| YOUR OBJECTIVE |
Retype, word for word, every line of the records below starting at the one that contains "#38 cardboard box [1250,326,1256,343]" and ending at the one that contains "#52 forklift [935,206,1146,529]"; include both of those lines and nothing more.
-*-*-
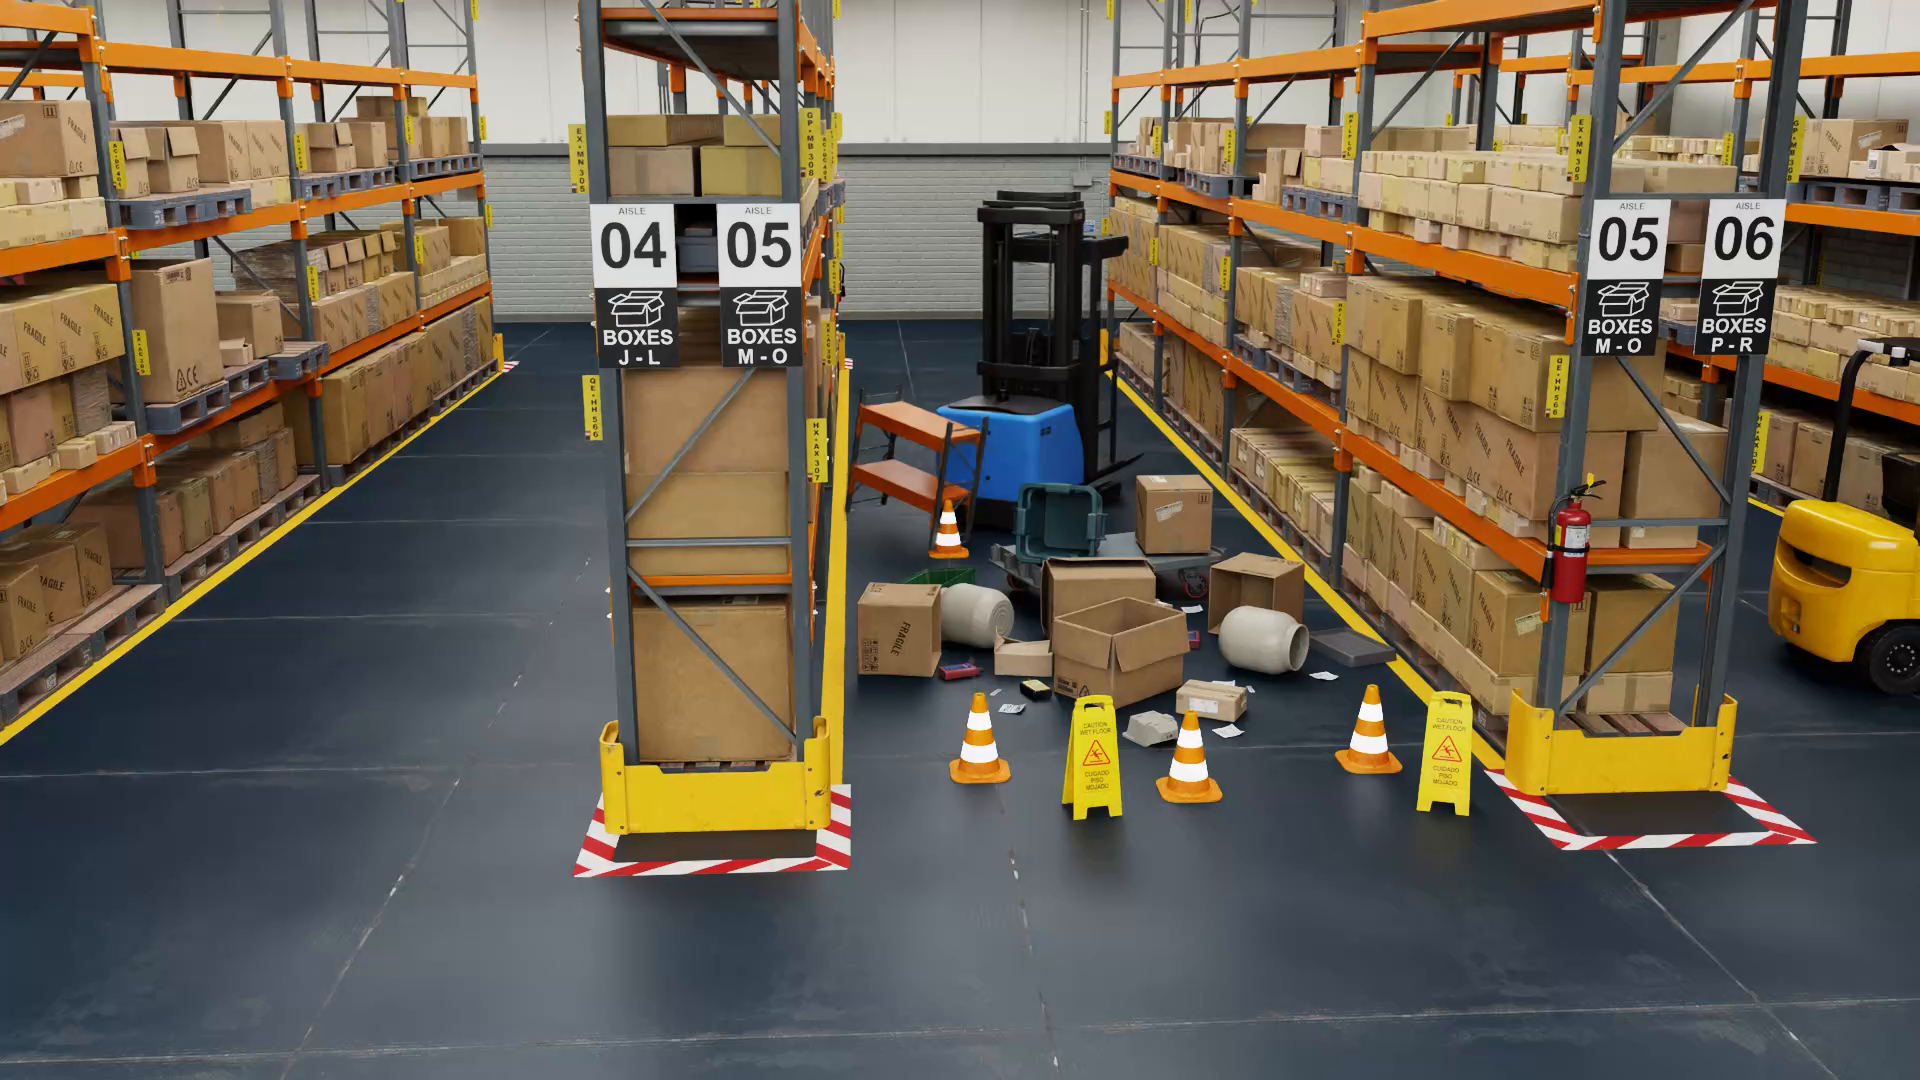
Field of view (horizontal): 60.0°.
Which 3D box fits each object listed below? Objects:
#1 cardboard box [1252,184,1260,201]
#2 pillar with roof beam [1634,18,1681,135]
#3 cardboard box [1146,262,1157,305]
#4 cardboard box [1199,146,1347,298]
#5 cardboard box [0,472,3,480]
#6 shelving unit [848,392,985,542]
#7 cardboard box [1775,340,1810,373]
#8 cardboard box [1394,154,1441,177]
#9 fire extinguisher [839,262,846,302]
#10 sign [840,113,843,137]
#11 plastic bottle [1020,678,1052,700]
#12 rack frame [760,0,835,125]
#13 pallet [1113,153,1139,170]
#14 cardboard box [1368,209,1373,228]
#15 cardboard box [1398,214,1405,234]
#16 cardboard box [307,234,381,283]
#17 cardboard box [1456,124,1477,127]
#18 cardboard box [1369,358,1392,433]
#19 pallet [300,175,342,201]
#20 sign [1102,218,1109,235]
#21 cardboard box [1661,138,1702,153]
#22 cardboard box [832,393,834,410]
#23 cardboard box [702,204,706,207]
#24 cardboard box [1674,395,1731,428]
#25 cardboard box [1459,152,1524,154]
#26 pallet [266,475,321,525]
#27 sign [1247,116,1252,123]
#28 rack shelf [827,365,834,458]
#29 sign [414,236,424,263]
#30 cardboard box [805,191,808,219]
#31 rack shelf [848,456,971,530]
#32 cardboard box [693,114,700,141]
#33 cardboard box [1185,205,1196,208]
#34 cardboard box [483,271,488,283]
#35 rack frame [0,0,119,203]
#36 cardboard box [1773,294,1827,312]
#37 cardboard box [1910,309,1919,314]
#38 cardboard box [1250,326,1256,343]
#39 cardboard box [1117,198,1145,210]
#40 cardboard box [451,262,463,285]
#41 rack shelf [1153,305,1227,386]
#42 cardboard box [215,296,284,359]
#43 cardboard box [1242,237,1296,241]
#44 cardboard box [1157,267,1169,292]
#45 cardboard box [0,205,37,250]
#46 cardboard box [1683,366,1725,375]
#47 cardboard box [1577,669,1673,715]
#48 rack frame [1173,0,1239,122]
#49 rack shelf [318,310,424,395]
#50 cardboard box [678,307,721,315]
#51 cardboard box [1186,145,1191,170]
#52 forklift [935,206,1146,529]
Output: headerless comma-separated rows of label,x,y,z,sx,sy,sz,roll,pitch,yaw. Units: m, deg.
cardboard box,3.016,-3.327,15.920,0.380,0.149,0.250,-1,14,-3
pillar with roof beam,4.432,-6.175,20.466,9.100,9.000,0.400,-1,14,-3
cardboard box,2.634,-3.231,20.864,0.500,0.500,0.500,-1,14,-3
cardboard box,2.922,-3.068,15.547,0.402,1.117,4.483,-1,14,-5
cardboard box,-6.153,-0.321,10.260,0.380,0.149,0.250,-1,14,-3
shelving unit,-0.384,-0.642,14.294,1.030,0.981,0.538,24,24,37
cardboard box,7.968,-1.714,15.470,0.500,0.250,0.500,-1,14,-5
cardboard box,3.150,-2.520,11.184,0.380,0.149,0.250,-1,14,-4
fire extinguisher,-1.819,-3.816,24.242,0.296,0.674,0.183,-1,14,-3
sign,-1.709,-5.850,23.445,0.100,0.325,0.005,-1,14,-3
plastic bottle,0.471,0.953,10.700,0.133,0.061,0.283,-6,16,-23
rack frame,-2.264,-6.870,23.167,1.000,3.000,0.127,-1,14,-3
pallet,2.726,-5.291,23.231,1.003,0.211,1.213,-1,14,-3
cardboard box,3.511,-2.014,10.818,0.858,0.149,2.833,-1,14,-4
cardboard box,3.274,-2.205,11.563,0.380,0.149,0.250,-1,14,-3
cardboard box,-6.894,-3.123,18.430,0.797,0.503,0.637,-1,14,-3
cardboard box,7.401,-5.796,23.713,0.500,0.250,0.500,-1,14,-4
cardboard box,3.217,-1.036,11.735,0.500,0.500,0.500,-1,14,-4
pallet,-6.818,-3.444,16.251,1.213,0.211,1.003,0,14,-1
sign,2.116,-4.517,24.164,0.100,0.325,0.005,-1,14,-3
cardboard box,7.741,-4.212,17.762,0.380,0.149,0.250,-1,14,-5
cardboard box,-1.592,-1.273,17.626,0.500,0.500,0.500,-1,14,-3
cardboard box,-1.743,-2.089,10.066,0.380,0.149,0.250,-1,14,-3
cardboard box,7.879,-1.249,17.533,0.500,0.500,0.500,0,14,-2
cardboard box,3.744,-2.660,11.729,0.380,0.149,0.250,-1,14,-5
pallet,-6.678,-0.379,15.574,1.003,0.211,1.213,-1,14,-3
sign,-3.706,-3.626,15.737,14.955,0.737,8.025,-1,14,-3
rack shelf,-1.645,-1.129,14.339,1.077,0.370,4.000,-1,14,-3
sign,-6.432,-3.451,19.756,0.100,0.325,0.005,-1,14,-3
cardboard box,-1.006,-1.784,8.881,0.380,0.149,0.250,-1,14,-3
rack shelf,-0.420,-0.414,14.374,1.000,0.278,0.538,24,24,37
cardboard box,-1.727,-2.412,9.722,0.380,0.149,0.250,-1,14,-3
cardboard box,3.126,-4.256,21.540,0.380,0.149,0.250,-1,14,-5
cardboard box,-6.870,-3.708,23.422,0.380,0.149,0.250,-1,14,-2
rack frame,-6.477,-3.834,11.368,1.000,3.000,0.127,-1,14,-3
cardboard box,7.934,-2.238,15.703,0.380,0.149,0.250,-1,14,-3
cardboard box,8.534,-1.930,14.507,0.380,0.149,0.250,-1,14,-4
cardboard box,2.955,-1.935,15.688,0.380,0.149,0.250,-2,15,-7
cardboard box,2.405,-4.690,23.225,0.380,0.149,0.250,0,14,-2
cardboard box,-6.827,-3.486,21.759,0.500,0.250,0.500,-1,14,-3
rack shelf,3.042,-2.225,18.600,1.077,0.370,4.000,-1,14,-3
cardboard box,-6.517,-1.904,14.864,0.700,0.500,0.500,1,14,5
cardboard box,3.322,-2.988,17.911,0.500,0.500,0.500,0,14,-2
cardboard box,2.664,-3.127,19.957,0.500,0.250,0.500,-1,14,-5
cardboard box,-6.130,-1.943,10.338,0.500,0.250,0.500,-1,14,-4
cardboard box,8.325,-1.856,18.591,0.380,0.149,0.250,-1,14,-5
cardboard box,3.887,0.837,9.931,0.500,0.250,0.500,-1,14,-4
rack frame,2.921,-5.977,19.696,0.949,2.616,0.053,-1,14,-3
rack shelf,-6.849,-2.072,18.005,1.077,0.370,4.000,-1,14,-3
cardboard box,-1.486,-1.212,10.749,0.875,0.550,0.550,-1,14,-3
cardboard box,2.682,-4.202,18.247,0.396,0.266,0.258,0,14,1
forklift,0.906,-1.776,15.725,1.129,2.843,3.031,8,16,27
-*-*-
| ANSWER SPACE |
#38 cardboard box [1250,326,1256,343]
#39 cardboard box [1117,198,1145,210]
#40 cardboard box [451,262,463,285]
#41 rack shelf [1153,305,1227,386]
#42 cardboard box [215,296,284,359]
#43 cardboard box [1242,237,1296,241]
#44 cardboard box [1157,267,1169,292]
#45 cardboard box [0,205,37,250]
#46 cardboard box [1683,366,1725,375]
#47 cardboard box [1577,669,1673,715]
#48 rack frame [1173,0,1239,122]
#49 rack shelf [318,310,424,395]
#50 cardboard box [678,307,721,315]
#51 cardboard box [1186,145,1191,170]
#52 forklift [935,206,1146,529]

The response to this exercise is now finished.